[DATA PROVIDED]
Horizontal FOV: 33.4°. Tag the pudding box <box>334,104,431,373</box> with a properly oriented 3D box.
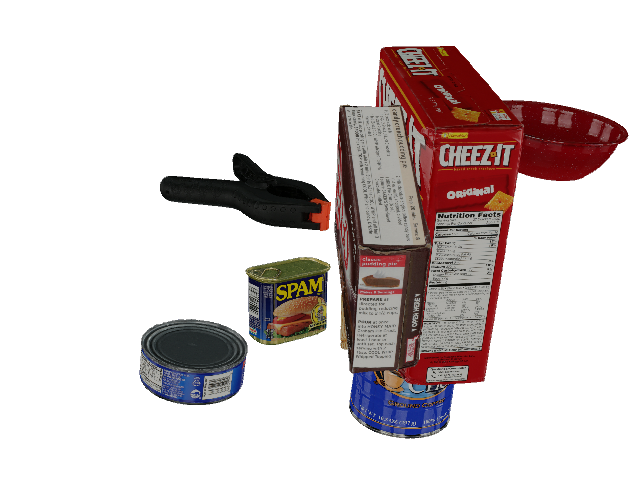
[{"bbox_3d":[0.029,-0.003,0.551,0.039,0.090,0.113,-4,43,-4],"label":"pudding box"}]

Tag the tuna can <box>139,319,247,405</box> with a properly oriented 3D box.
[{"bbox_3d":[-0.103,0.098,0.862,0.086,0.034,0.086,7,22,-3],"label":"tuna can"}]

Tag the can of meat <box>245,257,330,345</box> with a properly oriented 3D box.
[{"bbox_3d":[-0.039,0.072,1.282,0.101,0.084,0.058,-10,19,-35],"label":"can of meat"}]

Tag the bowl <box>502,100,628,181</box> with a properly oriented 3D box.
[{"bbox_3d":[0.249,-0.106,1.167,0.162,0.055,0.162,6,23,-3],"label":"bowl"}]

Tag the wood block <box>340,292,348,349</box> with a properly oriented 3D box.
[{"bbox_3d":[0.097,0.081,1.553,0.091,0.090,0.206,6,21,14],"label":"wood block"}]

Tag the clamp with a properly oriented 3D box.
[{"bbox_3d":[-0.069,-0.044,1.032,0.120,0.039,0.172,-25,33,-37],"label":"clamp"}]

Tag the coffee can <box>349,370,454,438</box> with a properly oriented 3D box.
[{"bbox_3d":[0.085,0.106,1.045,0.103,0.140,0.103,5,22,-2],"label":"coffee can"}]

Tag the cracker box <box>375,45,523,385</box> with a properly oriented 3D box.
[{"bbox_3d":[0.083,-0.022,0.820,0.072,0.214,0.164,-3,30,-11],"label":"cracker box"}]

---

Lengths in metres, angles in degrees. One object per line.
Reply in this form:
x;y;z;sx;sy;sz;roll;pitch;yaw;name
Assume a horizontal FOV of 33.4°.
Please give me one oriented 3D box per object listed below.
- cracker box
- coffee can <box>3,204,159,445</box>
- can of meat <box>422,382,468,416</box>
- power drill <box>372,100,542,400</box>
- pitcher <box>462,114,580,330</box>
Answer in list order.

---

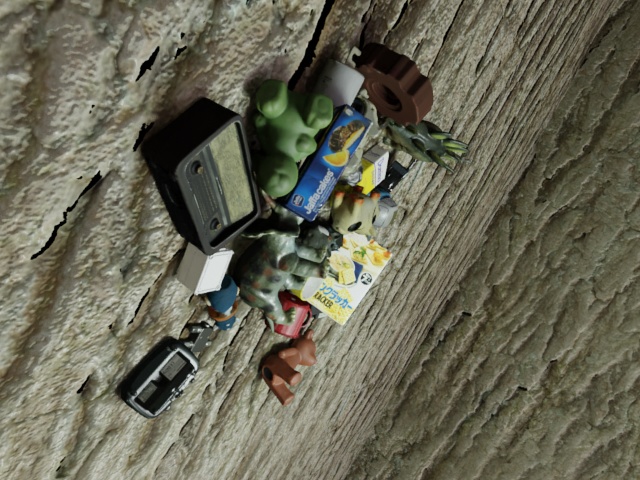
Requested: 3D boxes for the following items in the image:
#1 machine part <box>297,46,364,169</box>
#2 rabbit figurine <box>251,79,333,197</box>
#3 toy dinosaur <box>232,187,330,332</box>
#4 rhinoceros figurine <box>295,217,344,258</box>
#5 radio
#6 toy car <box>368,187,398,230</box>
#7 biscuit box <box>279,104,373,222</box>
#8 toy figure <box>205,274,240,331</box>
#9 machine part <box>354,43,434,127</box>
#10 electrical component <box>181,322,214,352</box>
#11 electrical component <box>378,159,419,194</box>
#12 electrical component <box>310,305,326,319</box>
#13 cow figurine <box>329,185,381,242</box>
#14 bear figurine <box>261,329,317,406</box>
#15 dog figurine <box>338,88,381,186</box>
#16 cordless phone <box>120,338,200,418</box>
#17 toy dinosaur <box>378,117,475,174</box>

[WHAT IS EXPECTED] Bring together each line above where the string "machine" turns up.

[RESULT]
#1 machine part <box>297,46,364,169</box>
#9 machine part <box>354,43,434,127</box>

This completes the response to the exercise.